Looking at the unstructured

Curt Monash has been talking about text mining a lot this week, he also notes that, from a text point of view, that the four preeminent database vendors (data store not query tool) are Oracle, Microsoft, Teradata and Netezza, this seems to reflect my experiences of what is going on in the BI space as a whole.

I first started out in the intelligence space (deliberately omitting the word business) working on high performance text stores. In reality this was all about storing streams of text in a highly searchable form, in effect the text was held as an index, here I came across then esoteric concepts as tokenisation, tagging, synonym dictionaries, and stop-words; however, I did not use stop-words as every word stored (even if misspelt) was potentially significant. Since those days analysis of free-text has become more mainstream. Linguistics academics use it to unravel language semantics (my wife's dissertation was on computational linguistics) Others I know have worked on voice to text systems capable of identifying speakers and what they say. But although text is the most accessible (or understandable) form of unstructured data, increasingly people need to search binary data, whether it be biometrics, images, DNA sequences, spatial data or whatever.

Finding single records that contain text fragments, topics, DNA patterns can be an interesting indexing challenge, but when we start to move into the space where we looking for patterns that occur in multiple records we start to move well away from the normal data mining domain.
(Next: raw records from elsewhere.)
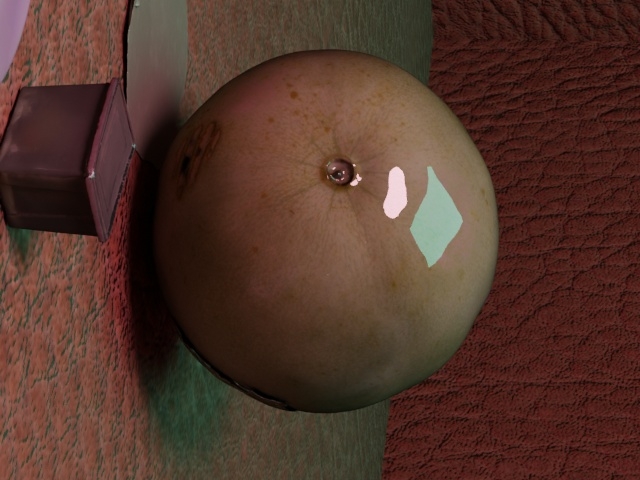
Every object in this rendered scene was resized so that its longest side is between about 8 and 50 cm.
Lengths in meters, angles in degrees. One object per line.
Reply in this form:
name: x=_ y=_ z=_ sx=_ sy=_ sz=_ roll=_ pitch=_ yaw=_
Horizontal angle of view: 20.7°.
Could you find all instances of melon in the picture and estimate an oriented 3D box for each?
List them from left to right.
melon: x=0.000 y=0.000 z=1.333 sx=0.330 sy=0.269 sz=0.268 roll=112 pitch=-17 yaw=-74

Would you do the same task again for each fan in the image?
fan: x=-0.118 y=-0.210 z=1.334 sx=0.182 sy=0.010 sz=0.310 roll=40 pitch=55 yaw=-80

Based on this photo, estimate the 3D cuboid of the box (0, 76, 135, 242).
box: x=-0.148 y=-0.047 z=1.010 sx=0.060 sy=0.063 sz=0.084 roll=85 pitch=10 yaw=-48

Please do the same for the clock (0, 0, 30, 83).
clock: x=-0.176 y=-0.213 z=0.659 sx=0.338 sy=0.102 sz=0.338 roll=2 pitch=90 yaw=-82
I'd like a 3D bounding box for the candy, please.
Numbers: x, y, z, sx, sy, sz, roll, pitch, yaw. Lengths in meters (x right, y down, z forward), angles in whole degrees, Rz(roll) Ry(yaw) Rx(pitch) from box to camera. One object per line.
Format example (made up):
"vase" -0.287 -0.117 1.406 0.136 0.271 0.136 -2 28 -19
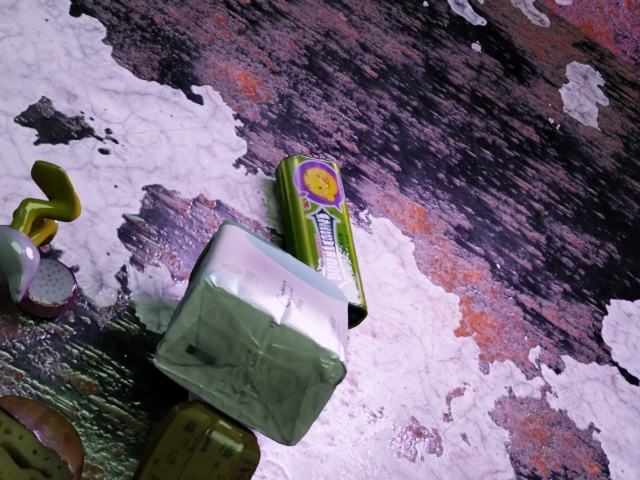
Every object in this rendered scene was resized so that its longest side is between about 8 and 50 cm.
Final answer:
"candy" -0.441 0.075 1.780 0.103 0.043 0.103 18 48 -21

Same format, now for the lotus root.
"lotus root" -0.423 0.315 1.529 0.188 0.199 0.180 47 4 -3

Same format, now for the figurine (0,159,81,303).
"figurine" -0.565 0.008 1.641 0.284 0.204 0.338 29 48 5

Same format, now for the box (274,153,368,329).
"box" 0.000 0.000 2.094 0.134 0.097 0.345 11 50 -27

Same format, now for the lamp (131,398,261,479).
"lamp" -0.183 0.337 1.628 0.161 0.161 0.185 32 87 -7

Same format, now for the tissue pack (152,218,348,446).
"tissue pack" -0.097 0.134 1.762 0.266 0.193 0.356 32 13 -8

Determining that a  particular DNA sequence correlates with increased risk of disease is a complex task; there is little reason (apart from the enormity of the computational task) that DNA samples could not be used to predict facial appearance. Computational problems exist in text analysis especially where rich vocabularies make semantic matching difficult - so how do you get cookie to match biscuit in some contexts and biscuit to match brown in others.